● **YOUR ASSIGNMENT**
Without copying any pictures, restate exactly the lines from the start of the records through the line containing "what is the noise".

● **INFORMATION PROVIDED**
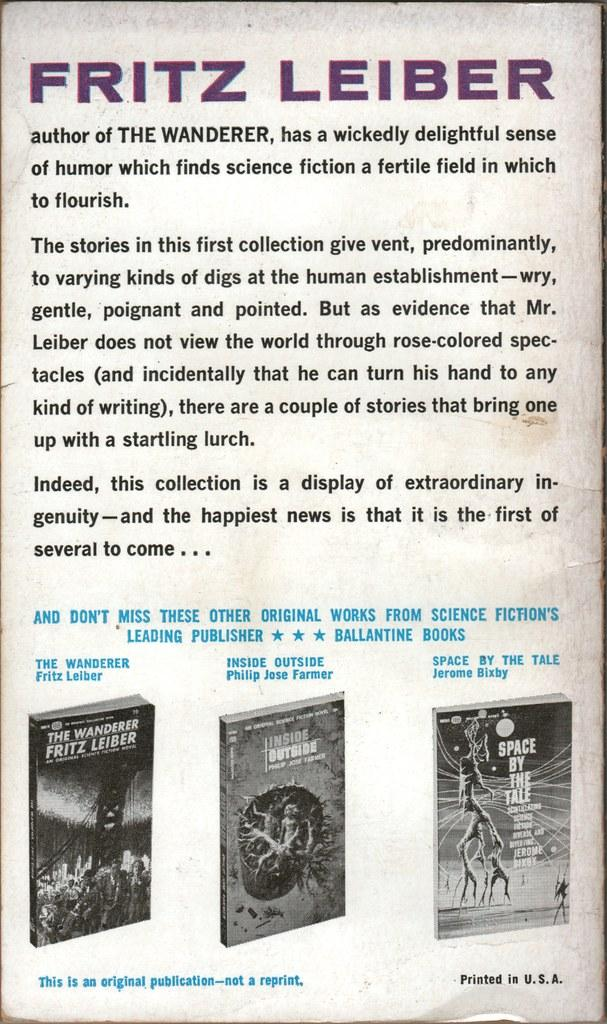<image>
Render a clear and concise summary of the photo. a poster with the name Fritz on it 
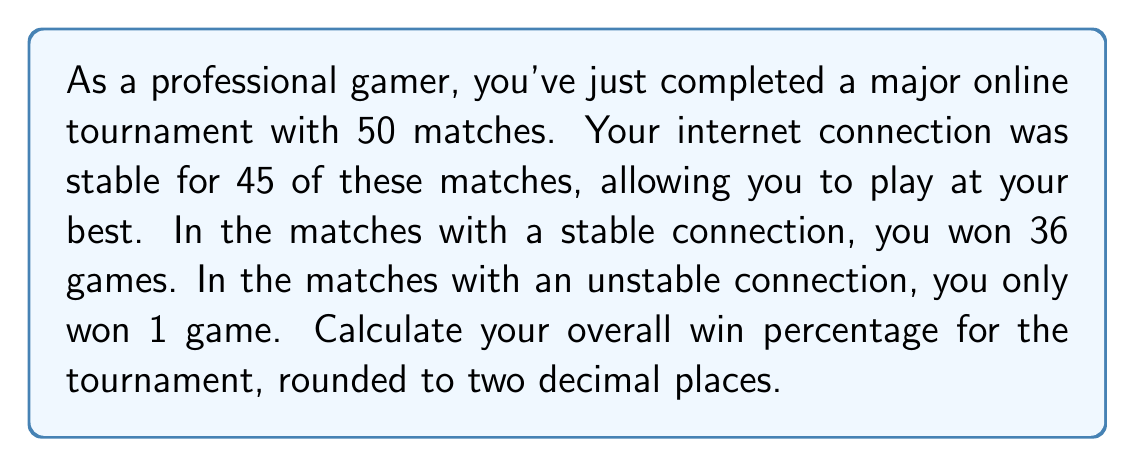Solve this math problem. Let's approach this step-by-step:

1) First, let's identify the key information:
   - Total matches: 50
   - Matches with stable connection: 45
   - Wins with stable connection: 36
   - Matches with unstable connection: 50 - 45 = 5
   - Wins with unstable connection: 1

2) Calculate total wins:
   $\text{Total wins} = \text{Wins with stable connection} + \text{Wins with unstable connection}$
   $\text{Total wins} = 36 + 1 = 37$

3) Calculate the win percentage:
   $\text{Win percentage} = \frac{\text{Total wins}}{\text{Total matches}} \times 100\%$

   $\text{Win percentage} = \frac{37}{50} \times 100\%$

4) Simplify the fraction:
   $\frac{37}{50} = 0.74$

5) Convert to percentage:
   $0.74 \times 100\% = 74\%$

Therefore, the overall win percentage for the tournament is 74.00%.
Answer: 74.00% 
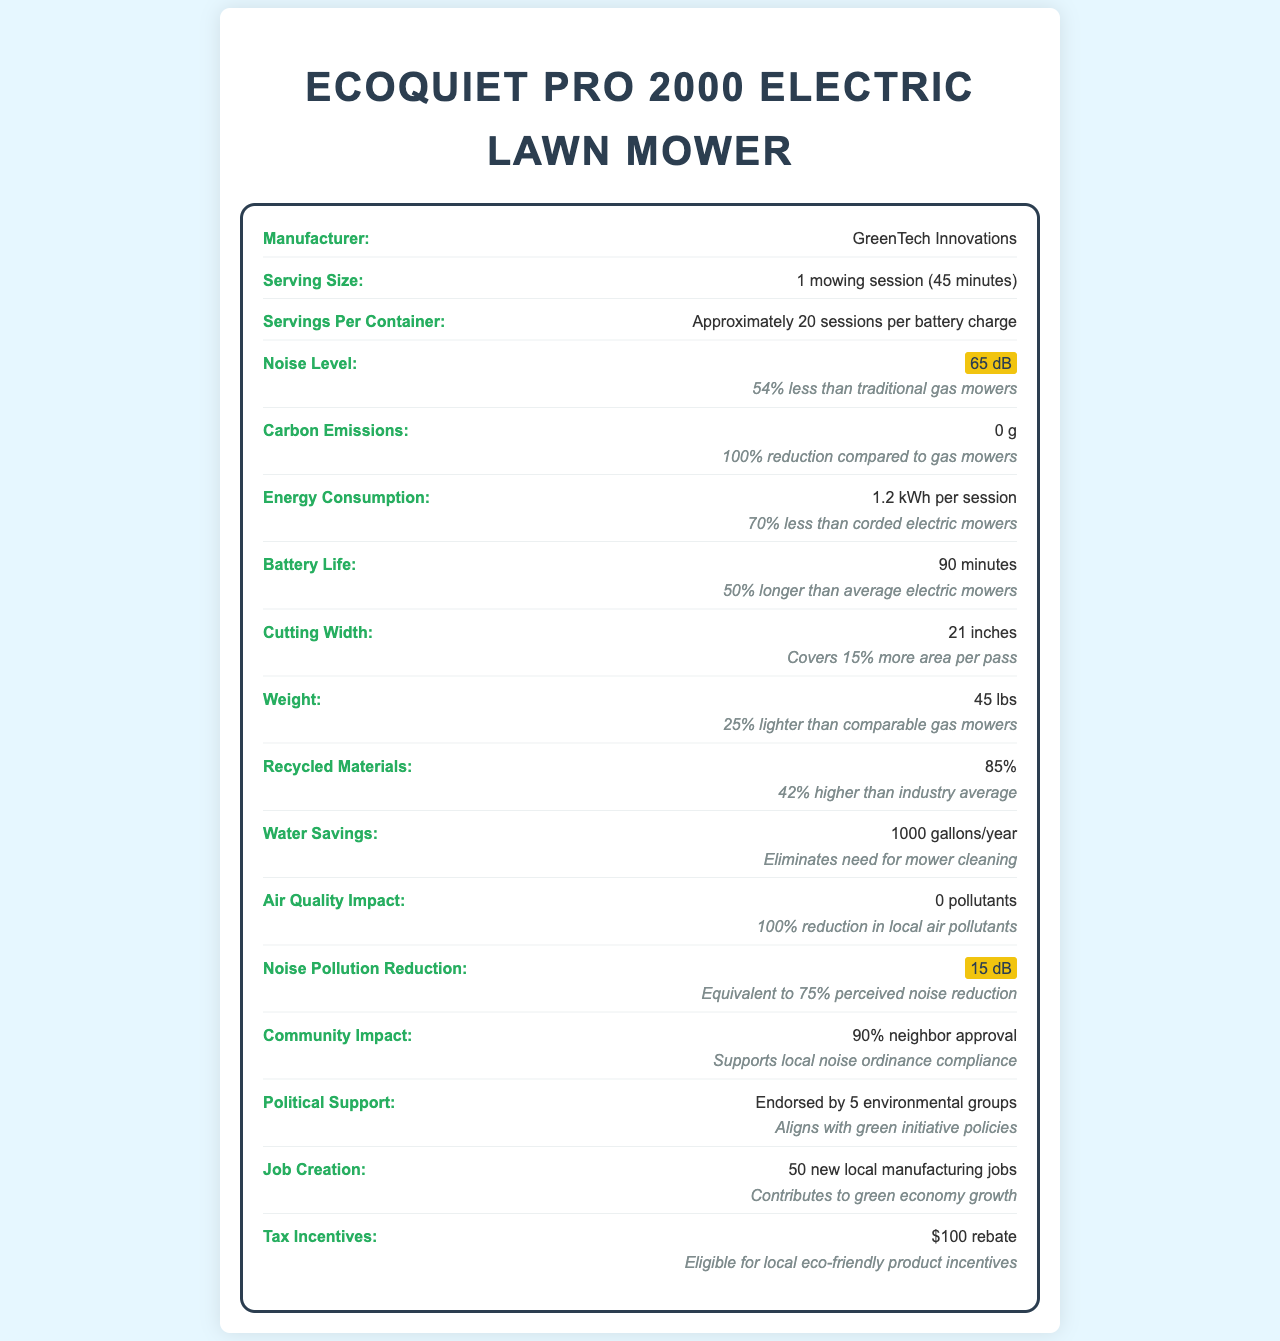what is the noise level of the EcoQuiet Pro 2000 Electric Lawn Mower? The document explicitly states the noise level as "65 dB."
Answer: 65 dB what is the battery life of this electric lawn mower? According to the document, the battery life is listed as "90 minutes."
Answer: 90 minutes how many sessions can you have per battery charge? The document specifies that there are "approximately 20 sessions per battery charge."
Answer: Approximately 20 sessions How much less noise does the EcoQuiet Pro 2000 produce compared to traditional gas mowers? According to the document, the noise level is "54% less than traditional gas mowers."
Answer: 54% less how much lighter is the EcoQuiet Pro 2000 compared to comparable gas mowers? The document mentions that the weight is "25% lighter than comparable gas mowers."
Answer: 25% lighter which environmental groups have endorsed the product? A. Sierra Club B. Environmental Defense Fund C. Greenpeace D. All of the above The document says the political support section states the product is "endorsed by 5 environmental groups."
Answer: D how much energy does the mower use per session? A. 2.0 kWh B. 1.2 kWh C. 0.8 kWh D. 1.5 kWh The document notes the energy consumption as "1.2 kWh per session."
Answer: B does this mower produce any carbon emissions? Yes/No The document clearly states the mower produces "0 g" of carbon emissions.
Answer: No how much water savings does the EcoQuiet Pro 2000 provide annually? The water savings section of the document lists "1000 gallons/year."
Answer: 1000 gallons/year is there any information on the mower's cutting width? The document states the cutting width as "21 inches."
Answer: Yes, it's 21 inches how much money can you get back from tax incentives for purchasing this mower? The document lists "$100 rebate" under tax incentives.
Answer: $100 rebate what percentage of the mower is made from recycled materials? The document specifies that "85%" of the mower is made from recycled materials.
Answer: 85% describe the main eco-friendly features of the EcoQuiet Pro 2000. This summary captures the key eco-friendly aspects of the mower highlighted in various sections such as noise level, carbon emissions, energy consumption, battery life, recycled materials, water savings, and more.
Answer: The EcoQuiet Pro 2000 is an electric lawn mower that runs silently at 65 dB, emits zero carbon emissions, uses 1.2 kWh per session which is 70% less than corded electric mowers, has a notable battery life of 90 minutes which is 50% longer than average, is made from 85% recycled materials, and eliminates the need for 1000 gallons of water annually. Additionally, it has a 21-inch cutting width, is 25% lighter than gas mowers, and reduces noise pollution by 15 dB. It also has received significant community and political endorsements. how much local manufacturing jobs were created by the EcoQuiet Pro 2000? The document states "50 new local manufacturing jobs" under job creation.
Answer: 50 new jobs how many mowing sessions can this mower handle per battery charge? The document mentions specifically "20 sessions per battery charge."
Answer: 20 sessions what are the exact five environmental groups that endorsed the product? The document mentions endorsement by "5 environmental groups" but does not specify exactly which groups.
Answer: Cannot be determined 
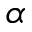<formula> <loc_0><loc_0><loc_500><loc_500>\alpha</formula> 
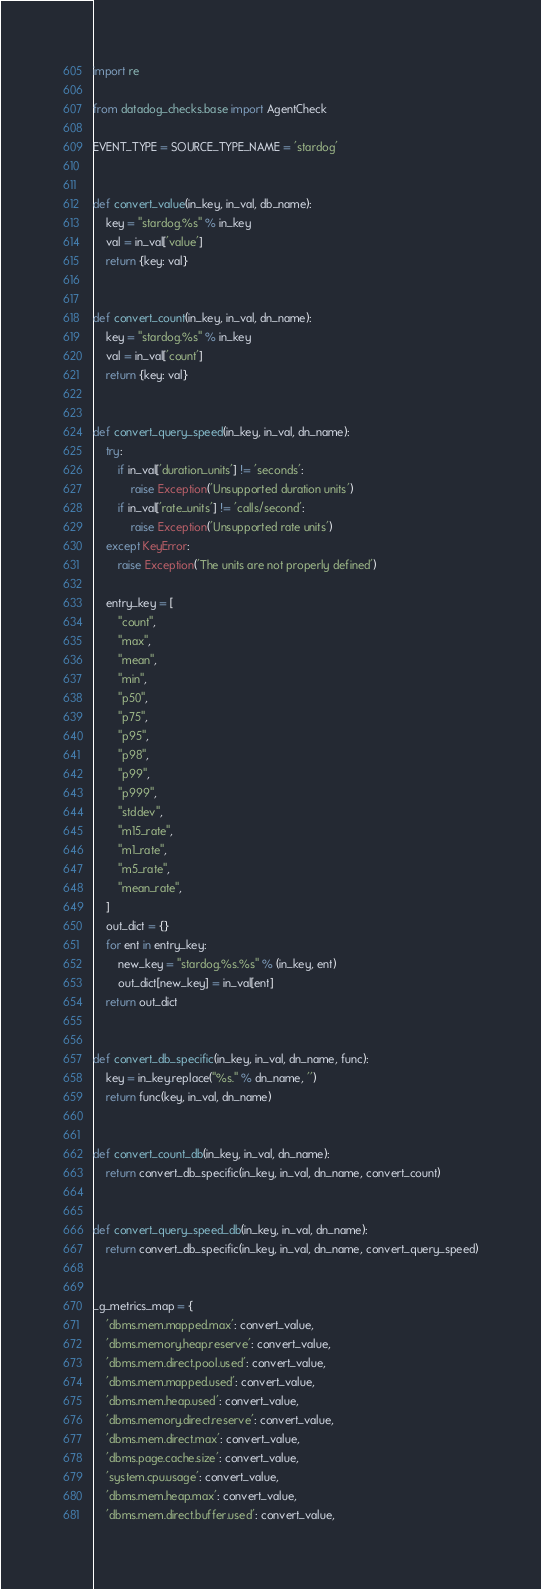Convert code to text. <code><loc_0><loc_0><loc_500><loc_500><_Python_>import re

from datadog_checks.base import AgentCheck

EVENT_TYPE = SOURCE_TYPE_NAME = 'stardog'


def convert_value(in_key, in_val, db_name):
    key = "stardog.%s" % in_key
    val = in_val['value']
    return {key: val}


def convert_count(in_key, in_val, dn_name):
    key = "stardog.%s" % in_key
    val = in_val['count']
    return {key: val}


def convert_query_speed(in_key, in_val, dn_name):
    try:
        if in_val['duration_units'] != 'seconds':
            raise Exception('Unsupported duration units')
        if in_val['rate_units'] != 'calls/second':
            raise Exception('Unsupported rate units')
    except KeyError:
        raise Exception('The units are not properly defined')

    entry_key = [
        "count",
        "max",
        "mean",
        "min",
        "p50",
        "p75",
        "p95",
        "p98",
        "p99",
        "p999",
        "stddev",
        "m15_rate",
        "m1_rate",
        "m5_rate",
        "mean_rate",
    ]
    out_dict = {}
    for ent in entry_key:
        new_key = "stardog.%s.%s" % (in_key, ent)
        out_dict[new_key] = in_val[ent]
    return out_dict


def convert_db_specific(in_key, in_val, dn_name, func):
    key = in_key.replace("%s." % dn_name, '')
    return func(key, in_val, dn_name)


def convert_count_db(in_key, in_val, dn_name):
    return convert_db_specific(in_key, in_val, dn_name, convert_count)


def convert_query_speed_db(in_key, in_val, dn_name):
    return convert_db_specific(in_key, in_val, dn_name, convert_query_speed)


_g_metrics_map = {
    'dbms.mem.mapped.max': convert_value,
    'dbms.memory.heap.reserve': convert_value,
    'dbms.mem.direct.pool.used': convert_value,
    'dbms.mem.mapped.used': convert_value,
    'dbms.mem.heap.used': convert_value,
    'dbms.memory.direct.reserve': convert_value,
    'dbms.mem.direct.max': convert_value,
    'dbms.page.cache.size': convert_value,
    'system.cpu.usage': convert_value,
    'dbms.mem.heap.max': convert_value,
    'dbms.mem.direct.buffer.used': convert_value,</code>

● **SOLUTION TO THE PROBLEM**
<image>
Render a clear and concise summary of the photo. a poster with the name Fritz on it 
Solve this math problem. Let's approach this step-by-step:

1) First, let's identify the key information:
   - Total matches: 50
   - Matches with stable connection: 45
   - Wins with stable connection: 36
   - Matches with unstable connection: 50 - 45 = 5
   - Wins with unstable connection: 1

2) Calculate total wins:
   $\text{Total wins} = \text{Wins with stable connection} + \text{Wins with unstable connection}$
   $\text{Total wins} = 36 + 1 = 37$

3) Calculate the win percentage:
   $\text{Win percentage} = \frac{\text{Total wins}}{\text{Total matches}} \times 100\%$

   $\text{Win percentage} = \frac{37}{50} \times 100\%$

4) Simplify the fraction:
   $\frac{37}{50} = 0.74$

5) Convert to percentage:
   $0.74 \times 100\% = 74\%$

Therefore, the overall win percentage for the tournament is 74.00%.
Answer: 74.00% 
what is the noise level of the EcoQuiet Pro 2000 Electric Lawn Mower? The document explicitly states the noise level as "65 dB."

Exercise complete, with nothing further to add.